# How To Glue Tubes



## emtmike (Dec 19, 2006)

Just wondering what is the best product to use for gluing tubes in blanks. I now use CA and am not always happy with it. Sometimes the tubes will spin out when I end mill.


----------



## Firefyter-emt (Dec 19, 2006)

Hee Hee... Oh man, this is gonna be good!!

Personaly, I like the gorilla glue. I am not in a huge hurry to have to turn one the same day so I don't mind letting it dry over night. If I was, I would use the epoxy, but I hate mixing the stuff and looking for some scrap wood I can use as a stir stick. CA? I know it's the favorite, but I always seem to get the CA on my fingers and I do not like the gap filling of it.

I have a wood block turned down with the cap stuck in the center of it. The GA will glue the cap in place and keeping it upside down helps the life span. You can glue A LOT of blanks with a small round bottle of GA.

Now, the fun can begin! Eagle?? [}]


----------



## gerryr (Dec 19, 2006)

My preference is 30 minute epoxy.  I can glue up about 12 tubes before it starts getting too stiff to work with.  I use old yoghurt lids to mix it on and a square ended palette knife to mix it.  If I only have one or two to glue up, I use Sumo glue.  I guess I'm not quick enough for CA because I've had a lot of tubes get stuck before they get all the way in, even with the thickest stuff I could find.
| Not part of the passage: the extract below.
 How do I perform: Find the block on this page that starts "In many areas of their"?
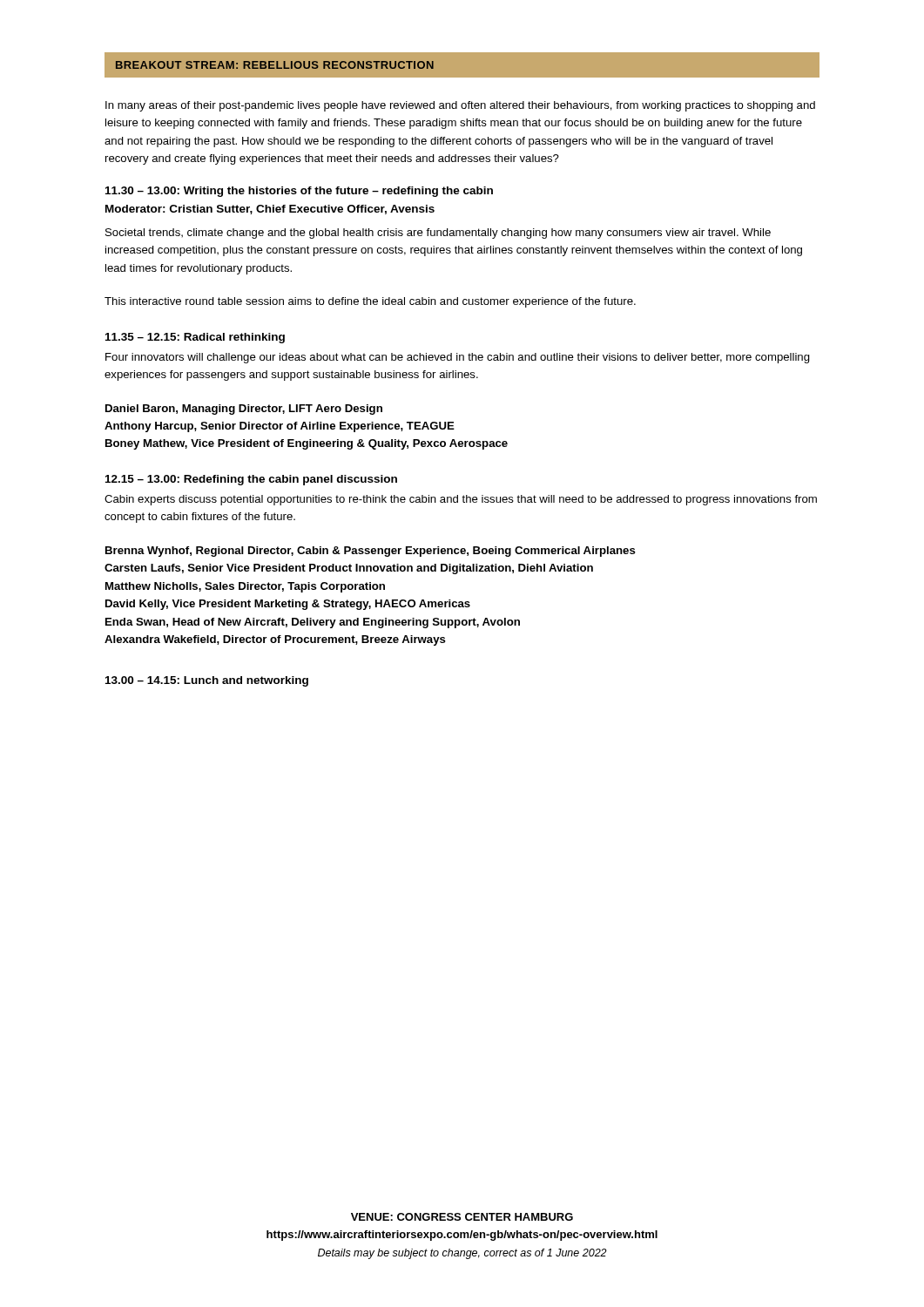point(460,132)
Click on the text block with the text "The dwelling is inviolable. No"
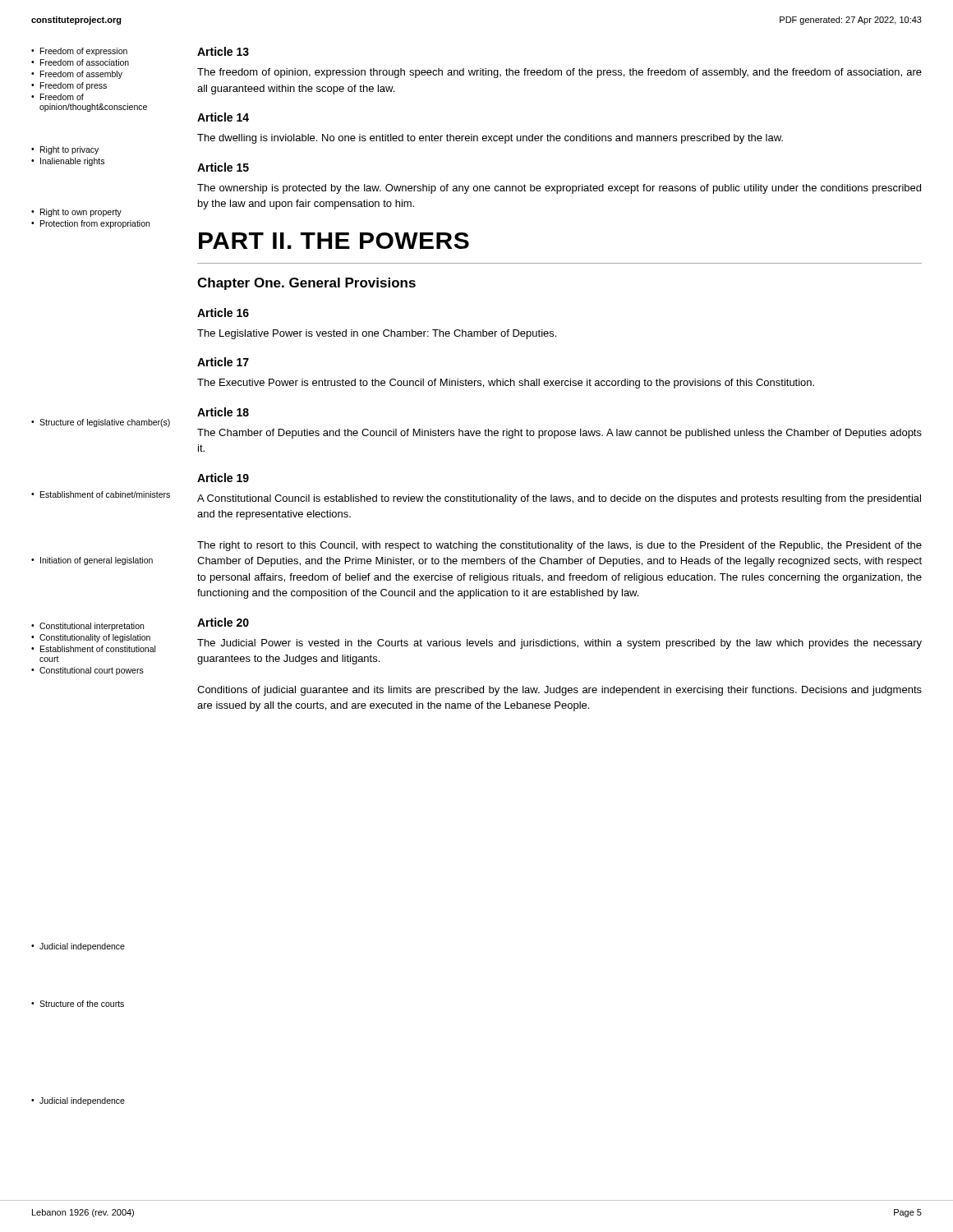Viewport: 953px width, 1232px height. pyautogui.click(x=490, y=138)
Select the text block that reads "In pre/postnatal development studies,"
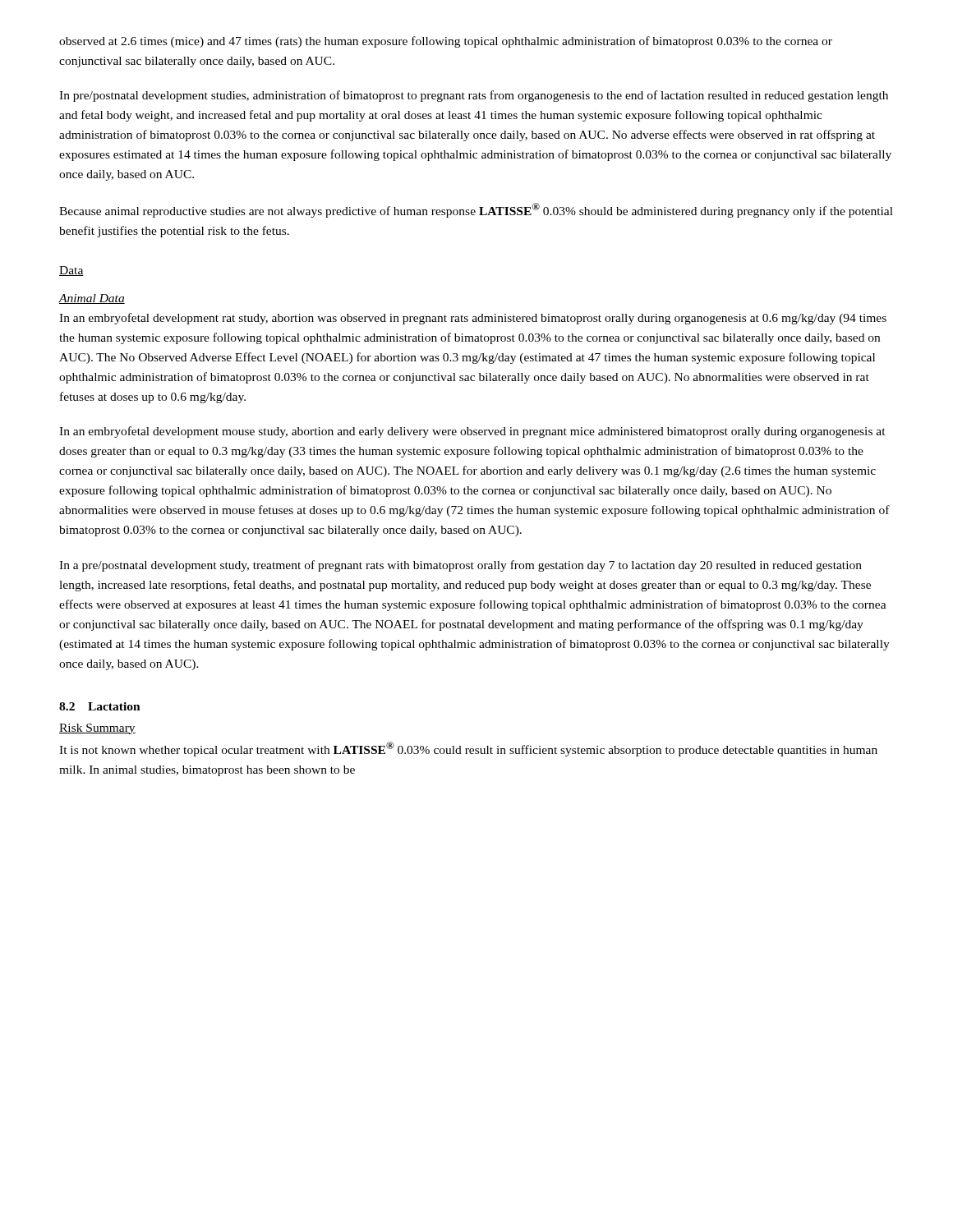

The main thing is too find something that works for you and don't worry about what anyone else says.  I know Eagle only uses CA, but that doesn't mean it's the right answer for everyone.


----------



## wudnhed (Dec 19, 2006)

I started using CA but had alot of blowouts. I know some of the members don't recommend Sumo for tubes but since using it I haven't had one disaster[] That is just my experience I will be the first to tell you I"M NO EXPERT[]


----------



## comben001 (Dec 19, 2006)

I'm using 12 minutes epoxy that I mix on a post-it! When you're done just take away the post-it and a new one is right there for you... Beeing a doctor I use a tongue depressor that I split in half with an X-Acto blade. One quick move is all it takes. You can buy tongue depressors by the box at the pharmacy or ask your medical doctor or chiropractor where they get theirs. They are really cheap. []


----------



## terry q (Dec 19, 2006)

I am also a fan of Gorilla glue.  Glue up last thing I do before turning out the lights and they are ready in the morning.  Gorilla is a lot easier to clean out of the tubes than epoxy.


----------



## Dario (Dec 19, 2006)

Another GG user here.


----------



## DCBluesman (Dec 19, 2006)

Polyurethane is the best!  No, wait.  If I'm in a hurry...30 minute epoxy is the best!  No, No.  That's not always right.  If I'm in a big hurry, medium CA is the Best!  Hmmm...I think that's right.  Well, unless I'm in a stranger than usual mood, then I don't glue tubes in at all!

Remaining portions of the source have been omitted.